During the hearing, Justice Winkler clarified a concern raised by some former students who said that lawyers had informed them that aging claimants who received the advance CEP payment of $8,000 are to repay the money in the event that the agreement is not finalized. The agreement must be approved by nine provincial courts to become final (Ontario’s was the first court to examine the deal).
“No one is required to pay the $8,000 back. It’s a demonstration of good will,” said the government lawyers, in response to a query made by Justice Winkler.
At the hearing, one of the government’s lawyers, Paul Vickery, presented Justice Winkler with an affidavit that set out the government’s plan for achieving the agreement’s goal of having 2,500 hearings each year for cases involving physical and sexual abuse that will undergo the Independent Assessment Process (IAP). Earlier, Justice Winkler had questioned how “realistic” the goal was.

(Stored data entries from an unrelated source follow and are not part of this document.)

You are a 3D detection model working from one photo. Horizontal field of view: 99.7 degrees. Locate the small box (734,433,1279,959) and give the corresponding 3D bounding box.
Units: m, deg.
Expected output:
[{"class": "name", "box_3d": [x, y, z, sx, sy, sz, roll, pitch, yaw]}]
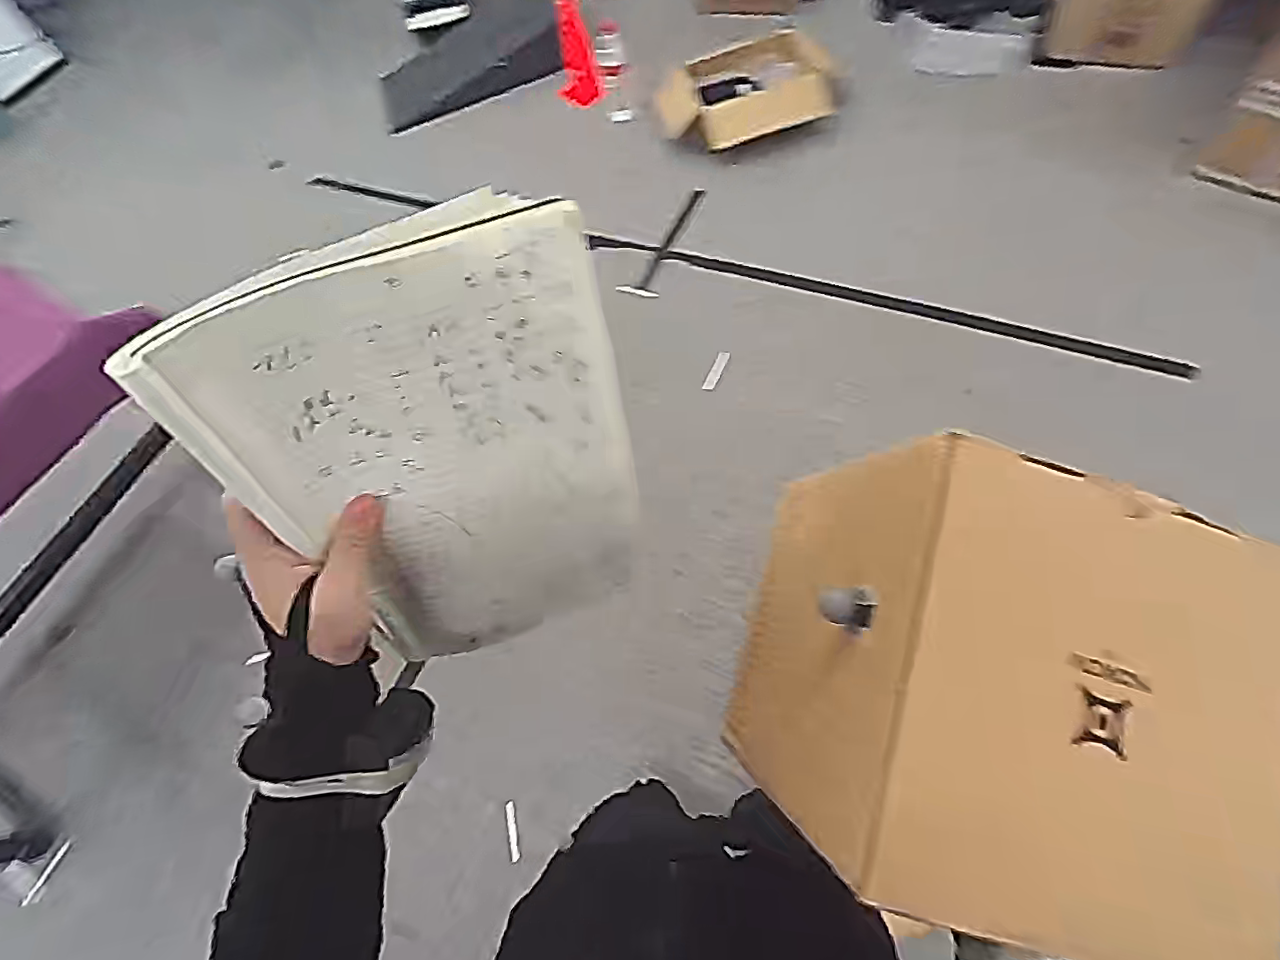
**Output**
[{"class": "small box", "box_3d": [0.162, 0.100, 0.282, 0.168, 0.176, 0.179, 18, 78, -5]}]

The affidavit specified the government’s “current planning assumptions,” which include the hiring of 445 people to implement the process.
“I was very glad to hear him (Mr. Vickery) talk about how the IAP was going to be administered. I, too, had concerns,” said Ellie Johnson, former acting general secretary, who represented the Anglican Church of Canada in negotiations for the revised agreement.
But Ms. Johnson said the affidavit did not address the issue of missing student records. She called the situation “very unfair” and said that while CEP claimants may appeal a national administration committee, those who have filed for advance payment have no such recourse.
“One of our jobs is to be ready with our (church) records if the attendance records are not found. There might be photographs that can help. People will need alternatives,” she said in an interview.
At the end of the hearing, Justice Winkler thanked the former students who aired their views on the agreement. “It was difficult for you to say what you said today. I don’t know whether I could have the ability to do the same and I admire you for that,” he said.
He also thanked the lawyers for both plaintiffs and defendants for having achieved the “gargantuan task” of coming to an agreement that includes a $1.9-billion compensation package for an estimated 86,000 claimants.
Justice Winkler said he was not certain whether to issue his ruling on the agreement before or after the eight other courts are done with their own hearings. The last hearing is scheduled Oct. 17 at the Supreme Court of the Yukon.